NBC Adds Victoria’s Secret Supermodels To Olympics Coverage
If you thought the Summer Olympics in Rio de Janeiro were already a pretty large middle finger to the socioeconomic disaster that local residents are embroiled in right now, then the NBC's latest broadcasting decision is definitely going to make you cringe.
On Tuesday NBC released a statement announcing that Brazilian-born supermodels Adriana Lima and Alessandra Ambrosio will be joining their coverage of the Rio 2016 Summer Olympic Games. According to the press release, the "ambassadors" will join Ryan Seacrest at the Copacabana Beach studio for NBC's late night coverage , as well as contribute across various other networks and programs.
“Adriana and Alessandra are the perfect ambassadors to guide viewers through the celebrations taking place outside of the competition, showcasing the off the field experience for Olympic fans,” said Jim Bell, Executive Producer for NBC Olympics.
Now it's obvious with the addition of Seacrest that NBC is looking to add more of a pop culture vibe to its coverage, which isn't necessarily a bad thing. They (hopefully) made that decision before local Rio police officers started greeting tourists with "Welcome to Hell" banners at the airport. Plus Seacrest is as seasoned a broadcaster as exists on television right now, and despite the fact that he is known for his entertainment reporting, he is more than capable of adapting to the needs of an Olympic telecast.
In short, this is what he does. Seacrest may not be able to break down the nuanced technique of Michael Phelp's butterfly stroke, but he's a man of the people and he has immense experience in being thoughtful and measured in live and taped television situations.
Lima and Ambrosio possess exactly zero of those qualifications. Not only are they not involved in sports professionally in any way, but they aren't involved in broadcasting either. Their only qualification is that they are from the country in which the Olympics are being held, and are exceedingly telegenic.
To be fair, this is certainly not the first time that a network has take beautiful people and stuck them on television for the sake of ratings, so that's really a secondary issue. But there will be people who are rightfully dismayed that jobs covering the most prestigious international sports event in the world are being handed to supermodels rather than men or women who work in sports and/or broadcasting for a living. Especially since it is such a competitive and difficult industry to thrive in at all. And that's certainly a point worth making, because you know, this isn't the 7th Annual Celebrity Beach Volleyball Tournament. It's the Olympics.
But the bigger issue - and the thing that should weigh on everyone's mind - is whether or not the programming that the models will star in is appropriate; in light of what is currently at stake for Brazilians right now.

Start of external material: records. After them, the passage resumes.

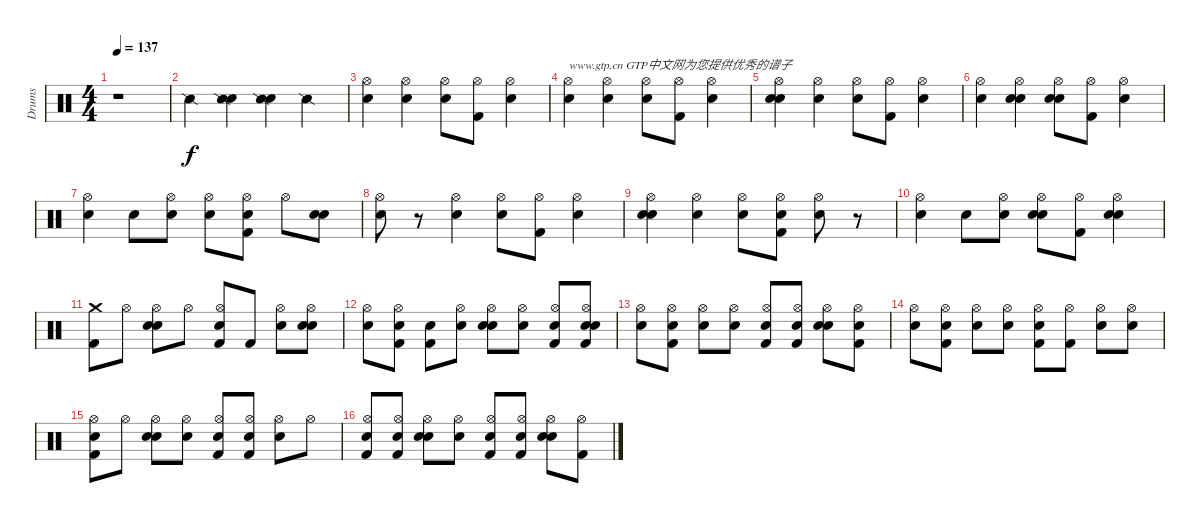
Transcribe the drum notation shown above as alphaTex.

\track ("Drums" "Drums") {instrument percussion}
\staff {score}
\articulation defaults
\ts (4 4)
\tempo 137
\clef neutral
\ks c
r.1{dy f} |
"Snare (side stick) 2".4 ("Snare (hit)" "Snare (side stick) 2").4 ("Snare (hit)" "Snare (side stick) 2").4 "Snare (side stick) 2".4 |
("Electric Snare (hit)" "Hi-Hat (open)").4 ("Electric Snare (hit)" "Hi-Hat (open)").4 ("Hi-Hat (open)" "Electric Snare (hit)").8 ("Kick (hit) 2" "Hi-Hat (open)").8 ("Hi-Hat (open)" "Electric Snare (hit)").4 |
("Hi-Hat (open)" "Electric Snare (hit)").4{txt "www.gtp.cn GTP中文网为您提供优秀的谱子"} ("Hi-Hat (open)" "Electric Snare (hit)").4 ("Electric Snare (hit)" "Hi-Hat (open)").8 ("Kick (hit) 2" "Hi-Hat (open)").8 ("Electric Snare (hit)" "Hi-Hat (open)").4 |
("Snare (hit)" "Hi-Hat (open)" "Electric Snare (hit)").4 ("Hi-Hat (open)" "Electric Snare (hit)").4 ("Hi-Hat (open)" "Electric Snare (hit)").8 ("Hi-Hat (open)" "Kick (hit) 2").8 ("Hi-Hat (open)" "Electric Snare (hit)").4 |
("Electric Snare (hit)" "Hi-Hat (open)").4 ("Snare (hit)" "Electric Snare (hit)" "Hi-Hat (open)").4 ("Snare (hit)" "Electric Snare (hit)" "Hi-Hat (open)").8 ("Kick (hit) 2" "Hi-Hat (open)").8 ("Electric Snare (hit)" "Hi-Hat (open)").4 |
("Hi-Hat (open)" "Electric Snare (hit)").4 "Electric Snare (hit)".8 ("Snare (hit)" "Hi-Hat (open)").8 ("Electric Snare (hit)" "Hi-Hat (open)").8 ("Snare (hit)" "Kick (hit) 2" "Hi-Hat (open)").8 "Hi-Hat (open)".8 ("Snare (hit)" "Electric Snare (hit)").8 |
("Electric Snare (hit)" "Hi-Hat (open)").8 r.8 ("Electric Snare (hit)" "Hi-Hat (open)").4 ("Electric Snare (hit)" "Hi-Hat (open)").8 ("Hi-Hat (open)" "Kick (hit) 2").8 ("Electric Snare (hit)" "Hi-Hat (open)").4 |
("Snare (hit)" "Electric Snare (hit)" "Hi-Hat (open)").4 ("Electric Snare (hit)" "Hi-Hat (open)").4 ("Electric Snare (hit)" "Hi-Hat (open)").8 ("Snare (hit)" "Kick (hit) 2" "Hi-Hat (open)").8 ("Electric Snare (hit)" "Hi-Hat (open)").8 r.8 |
("Hi-Hat (open)" "Electric Snare (hit)").4 "Electric Snare (hit)".8 ("Snare (hit)" "Hi-Hat (open)").8 ("Snare (hit)" "Electric Snare (hit)" "Hi-Hat (open)").8 ("Kick (hit) 2" "Hi-Hat (open)").8 ("Snare (hit)" "Hi-Hat (open)" "Electric Snare (hit)").4 |
("Crash medium (hit)" "Kick (hit) 2").8 "Hi-Hat (open)".8 ("Snare (hit)" "Hi-Hat (open)" "Electric Snare (hit)").8 "Hi-Hat (open)".8 ("Snare (hit)" "Hi-Hat (open)" "Kick (hit) 2").8 "Kick (hit) 2".8 ("Snare (hit)" "Hi-Hat (open)").8 ("Snare (hit)" "Electric Snare (hit)" "Hi-Hat (open)").8 |
("Snare (hit)" "Hi-Hat (open)").8 ("Snare (hit)" "Kick (hit) 2" "Hi-Hat (open)").8 ("Snare (hit)" "Kick (hit) 2").8 ("Snare (hit)" "Hi-Hat (open)").8 ("Snare (hit)" "Electric Snare (hit)" "Hi-Hat (open)").8 ("Snare (hit)" "Hi-Hat (open)").8 ("Snare (hit)" "Hi-Hat (open)" "Kick (hit) 2").8 ("Snare (hit)" "Hi-Hat (open)" "Electric Snare (hit)" "Kick (hit) 2").8 |
("Snare (hit)" "Hi-Hat (open)").8 ("Snare (hit)" "Hi-Hat (open)" "Kick (hit) 2").8 ("Electric Snare (hit)" "Hi-Hat (open)").8 ("Snare (hit)" "Hi-Hat (open)").8 ("Snare (hit)" "Kick (hit) 2" "Hi-Hat (open)").8 ("Snare (hit)" "Kick (hit) 2" "Hi-Hat (open)").8 ("Snare (hit)" "Electric Snare (hit)" "Hi-Hat (open)").8 ("Snare (hit)" "Kick (hit) 2" "Hi-Hat (open)").8 |
("Snare (hit)" "Hi-Hat (open)").8 ("Snare (hit)" "Hi-Hat (open)" "Kick (hit) 2").8 ("Electric Snare (hit)" "Hi-Hat (open)").8 ("Snare (hit)" "Hi-Hat (open)").8 ("Snare (hit)" "Hi-Hat (open)" "Kick (hit) 2").8 ("Hi-Hat (open)" "Kick (hit) 2").8 ("Electric Snare (hit)" "Hi-Hat (open)").8 ("Snare (hit)" "Hi-Hat (open)").8 |
("Snare (hit)" "Hi-Hat (open)" "Kick (hit) 2").8 "Hi-Hat (open)".8 ("Snare (hit)" "Electric Snare (hit)" "Hi-Hat (open)").8 ("Snare (hit)" "Hi-Hat (open)").8 ("Snare (hit)" "Kick (hit) 2" "Hi-Hat (open)").8 ("Snare (hit)" "Hi-Hat (open)" "Kick (hit) 2").8 ("Hi-Hat (open)" "Electric Snare (hit)").8 "Hi-Hat (open)".8 |
("Snare (hit)" "Kick (hit) 2" "Hi-Hat (open)").8 ("Snare (hit)" "Kick (hit) 2" "Hi-Hat (open)").8 ("Snare (hit)" "Electric Snare (hit)" "Hi-Hat (open)").8 ("Snare (hit)" "Hi-Hat (open)").8 ("Snare (hit)" "Kick (hit) 2" "Hi-Hat (open)").8 ("Snare (hit)" "Kick (hit) 2" "Hi-Hat (open)").8 ("Snare (hit)" "Hi-Hat (open)" "Electric Snare (hit)").8 ("Hi-Hat (open)" "Kick (hit) 2").8

Rio and Brazil are in a state of immense unrest. According to a Reuters article in June, the governor of Rio de Janeiro had declared a state of financial emergency and requested federal funds to help pay the necessary public services during the Olympics, with the state's Offical Gazette describing "a total collapse in public security, health, education, transport and environmental management."
"Rio is expecting about 500,000 foreign visitors during the Olympics, which has coincided with Brazil's worst recession since the 1930s and a political crisis that last month led to the suspension of President Dilma Rousseff."
Keeping that in mind, this is really not the time to try out a new late night format that features "Brazilian lifestyle" vignettes about the country's beach side hot spots and great local cuisine.
And perhaps that's not NBC's plan. Maybe they really are looking to use these ambassadors to Rio and Brazil as a component that can really expose and humanize the issues surrounding the Olympics. But if that's the case, then they should really be employing journalists and media members who are prepared to treat the coverage with the thoughtfulness and austerity that it merits.
I have no reason to believe that Lima and Ambrosio aren't passionate about the issues that their native country is facing. I'm sure that they're also pretty comfortable in front of the camera and that they'll hold their own in that regard. But there's just no getting around the fact that during this socially and politically chaotic period for Brazil, the move to include them in Olympic coverage is an ill-conceived, somewhat irresponsible ratings grab on the part of NBC.